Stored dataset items
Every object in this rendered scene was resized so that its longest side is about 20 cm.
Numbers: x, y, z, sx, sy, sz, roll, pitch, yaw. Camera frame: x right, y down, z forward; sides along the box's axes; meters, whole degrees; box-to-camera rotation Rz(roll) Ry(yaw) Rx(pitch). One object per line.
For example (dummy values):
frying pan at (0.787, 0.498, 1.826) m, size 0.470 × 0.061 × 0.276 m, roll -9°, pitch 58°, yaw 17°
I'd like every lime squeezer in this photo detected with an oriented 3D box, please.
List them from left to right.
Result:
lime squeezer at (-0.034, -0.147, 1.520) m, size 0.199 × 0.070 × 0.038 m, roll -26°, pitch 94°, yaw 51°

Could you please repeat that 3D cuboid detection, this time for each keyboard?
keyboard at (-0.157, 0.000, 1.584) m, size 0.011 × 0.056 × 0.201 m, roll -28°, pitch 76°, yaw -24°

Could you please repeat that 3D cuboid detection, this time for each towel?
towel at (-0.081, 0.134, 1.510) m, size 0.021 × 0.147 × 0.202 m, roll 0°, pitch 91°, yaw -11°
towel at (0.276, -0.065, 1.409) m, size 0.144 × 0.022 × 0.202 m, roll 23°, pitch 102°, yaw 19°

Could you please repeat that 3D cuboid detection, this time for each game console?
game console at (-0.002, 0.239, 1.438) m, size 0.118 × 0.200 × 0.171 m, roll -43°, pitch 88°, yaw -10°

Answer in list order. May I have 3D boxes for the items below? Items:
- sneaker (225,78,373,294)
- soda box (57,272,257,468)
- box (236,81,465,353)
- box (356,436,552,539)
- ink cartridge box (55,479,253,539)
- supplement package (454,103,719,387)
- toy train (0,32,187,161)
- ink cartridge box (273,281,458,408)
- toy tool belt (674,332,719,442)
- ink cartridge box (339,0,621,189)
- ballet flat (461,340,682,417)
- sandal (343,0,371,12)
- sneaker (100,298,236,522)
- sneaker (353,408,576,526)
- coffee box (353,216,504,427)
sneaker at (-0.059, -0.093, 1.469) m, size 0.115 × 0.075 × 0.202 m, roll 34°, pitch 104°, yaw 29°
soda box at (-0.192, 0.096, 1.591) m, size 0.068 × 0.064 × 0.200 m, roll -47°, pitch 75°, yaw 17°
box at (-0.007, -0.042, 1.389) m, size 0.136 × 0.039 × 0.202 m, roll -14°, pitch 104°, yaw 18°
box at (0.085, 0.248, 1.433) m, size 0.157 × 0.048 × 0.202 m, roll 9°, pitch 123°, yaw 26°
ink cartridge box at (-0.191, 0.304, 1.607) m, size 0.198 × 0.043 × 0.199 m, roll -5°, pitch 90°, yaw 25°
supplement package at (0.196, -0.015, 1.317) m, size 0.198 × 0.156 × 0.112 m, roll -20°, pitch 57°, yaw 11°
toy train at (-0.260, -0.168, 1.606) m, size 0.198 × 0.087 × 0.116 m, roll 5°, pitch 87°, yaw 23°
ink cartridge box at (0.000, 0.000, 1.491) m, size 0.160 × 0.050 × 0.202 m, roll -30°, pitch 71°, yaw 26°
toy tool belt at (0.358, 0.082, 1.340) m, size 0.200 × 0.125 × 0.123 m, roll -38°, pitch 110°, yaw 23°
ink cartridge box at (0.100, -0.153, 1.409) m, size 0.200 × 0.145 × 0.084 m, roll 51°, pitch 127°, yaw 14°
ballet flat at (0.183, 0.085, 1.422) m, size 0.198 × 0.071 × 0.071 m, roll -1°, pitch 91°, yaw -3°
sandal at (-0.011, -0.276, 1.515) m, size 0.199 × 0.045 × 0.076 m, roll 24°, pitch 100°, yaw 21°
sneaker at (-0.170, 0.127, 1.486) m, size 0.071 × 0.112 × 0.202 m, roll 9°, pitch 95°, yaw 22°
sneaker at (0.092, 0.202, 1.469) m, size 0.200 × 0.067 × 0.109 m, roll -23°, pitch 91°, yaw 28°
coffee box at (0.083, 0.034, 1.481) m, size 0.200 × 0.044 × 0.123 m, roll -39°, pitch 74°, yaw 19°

* * *

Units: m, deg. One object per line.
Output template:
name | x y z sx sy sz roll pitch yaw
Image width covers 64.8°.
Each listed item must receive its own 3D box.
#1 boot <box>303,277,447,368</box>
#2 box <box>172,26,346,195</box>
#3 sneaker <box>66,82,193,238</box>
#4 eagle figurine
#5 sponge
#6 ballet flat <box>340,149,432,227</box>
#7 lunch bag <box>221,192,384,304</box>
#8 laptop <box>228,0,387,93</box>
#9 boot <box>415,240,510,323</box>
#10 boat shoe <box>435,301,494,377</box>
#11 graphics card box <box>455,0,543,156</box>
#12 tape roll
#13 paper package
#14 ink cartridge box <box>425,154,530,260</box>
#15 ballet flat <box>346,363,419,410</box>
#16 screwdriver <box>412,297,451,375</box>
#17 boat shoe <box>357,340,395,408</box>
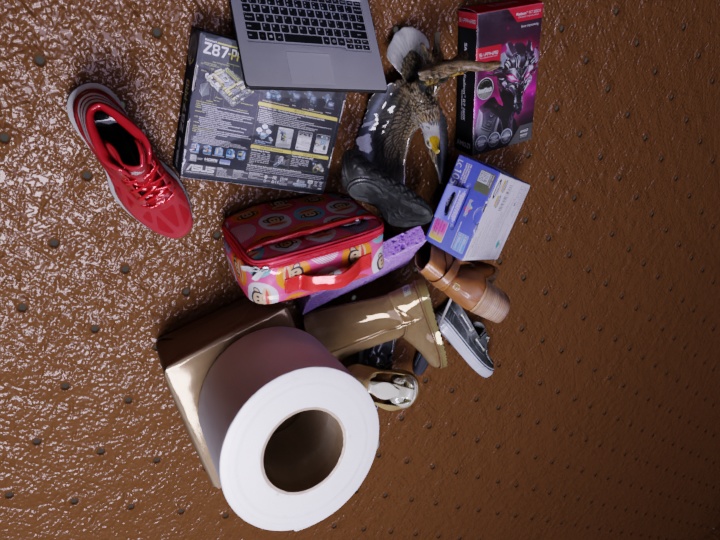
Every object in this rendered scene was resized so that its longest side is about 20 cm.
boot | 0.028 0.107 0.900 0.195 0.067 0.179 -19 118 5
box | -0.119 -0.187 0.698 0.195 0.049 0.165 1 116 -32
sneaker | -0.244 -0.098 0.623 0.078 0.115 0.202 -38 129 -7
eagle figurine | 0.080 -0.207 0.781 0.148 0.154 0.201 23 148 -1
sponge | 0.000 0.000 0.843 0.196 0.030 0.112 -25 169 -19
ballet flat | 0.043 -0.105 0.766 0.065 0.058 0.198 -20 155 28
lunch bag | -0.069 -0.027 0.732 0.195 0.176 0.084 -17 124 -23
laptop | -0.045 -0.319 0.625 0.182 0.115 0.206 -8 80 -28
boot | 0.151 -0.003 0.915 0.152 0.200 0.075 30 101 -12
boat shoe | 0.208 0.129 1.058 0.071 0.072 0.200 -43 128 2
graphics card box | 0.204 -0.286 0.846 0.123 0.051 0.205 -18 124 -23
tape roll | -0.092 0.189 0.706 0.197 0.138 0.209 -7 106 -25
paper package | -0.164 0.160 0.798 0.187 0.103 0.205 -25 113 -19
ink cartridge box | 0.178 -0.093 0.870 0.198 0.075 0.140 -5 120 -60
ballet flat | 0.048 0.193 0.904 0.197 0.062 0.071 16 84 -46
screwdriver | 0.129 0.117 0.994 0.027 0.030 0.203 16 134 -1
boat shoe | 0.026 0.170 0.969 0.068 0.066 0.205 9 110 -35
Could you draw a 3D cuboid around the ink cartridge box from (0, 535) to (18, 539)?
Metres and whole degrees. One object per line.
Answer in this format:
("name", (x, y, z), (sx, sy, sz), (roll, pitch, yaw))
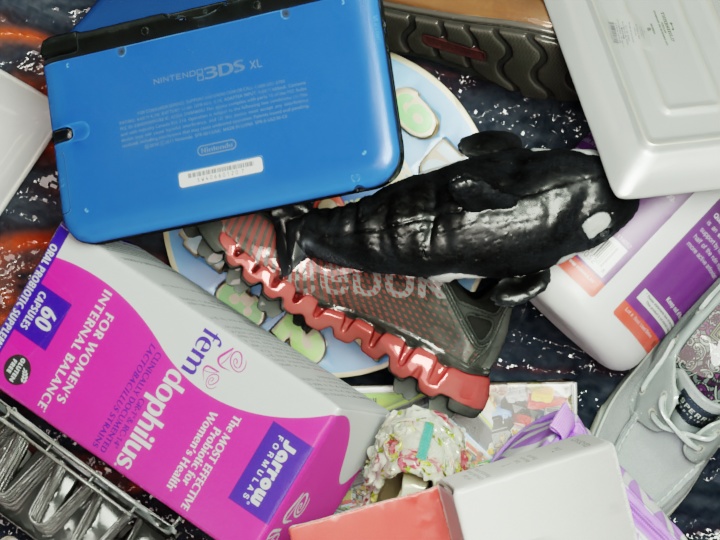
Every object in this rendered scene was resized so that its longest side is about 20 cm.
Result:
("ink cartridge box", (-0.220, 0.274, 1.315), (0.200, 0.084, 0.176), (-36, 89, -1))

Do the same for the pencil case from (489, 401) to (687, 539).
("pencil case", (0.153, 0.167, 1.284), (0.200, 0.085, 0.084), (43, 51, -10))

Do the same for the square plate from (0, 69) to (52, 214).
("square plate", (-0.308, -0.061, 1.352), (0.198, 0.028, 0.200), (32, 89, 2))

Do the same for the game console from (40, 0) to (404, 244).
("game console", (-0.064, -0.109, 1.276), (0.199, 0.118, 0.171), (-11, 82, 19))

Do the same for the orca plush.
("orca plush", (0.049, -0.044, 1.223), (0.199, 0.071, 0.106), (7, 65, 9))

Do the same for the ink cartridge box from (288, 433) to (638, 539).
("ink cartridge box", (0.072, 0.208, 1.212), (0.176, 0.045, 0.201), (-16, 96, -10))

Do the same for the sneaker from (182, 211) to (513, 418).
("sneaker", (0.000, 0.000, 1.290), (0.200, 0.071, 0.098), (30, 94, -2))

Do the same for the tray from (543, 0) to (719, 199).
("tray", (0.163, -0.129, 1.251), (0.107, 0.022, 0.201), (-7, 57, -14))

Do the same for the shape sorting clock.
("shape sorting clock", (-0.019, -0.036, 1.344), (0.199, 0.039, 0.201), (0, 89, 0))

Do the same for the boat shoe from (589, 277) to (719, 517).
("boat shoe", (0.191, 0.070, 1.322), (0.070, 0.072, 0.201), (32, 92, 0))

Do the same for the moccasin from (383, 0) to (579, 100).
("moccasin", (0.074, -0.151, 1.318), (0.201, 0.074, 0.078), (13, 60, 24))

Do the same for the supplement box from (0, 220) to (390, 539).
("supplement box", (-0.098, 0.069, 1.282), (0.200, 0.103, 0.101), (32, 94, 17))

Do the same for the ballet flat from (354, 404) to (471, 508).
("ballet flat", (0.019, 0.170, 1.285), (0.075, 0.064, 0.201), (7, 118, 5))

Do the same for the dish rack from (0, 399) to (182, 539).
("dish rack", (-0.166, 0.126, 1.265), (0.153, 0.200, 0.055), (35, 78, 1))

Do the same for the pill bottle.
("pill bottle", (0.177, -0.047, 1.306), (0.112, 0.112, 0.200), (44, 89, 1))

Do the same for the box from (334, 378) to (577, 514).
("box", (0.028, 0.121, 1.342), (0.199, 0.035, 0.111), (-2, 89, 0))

ACTION ITEM: Reproduce every line from the preceding data in which the word "Answer" can be found.

SOLVED EXERCISE:
Answer in list order. May I have 3D boxes for the items below? Items:
Answer in this format:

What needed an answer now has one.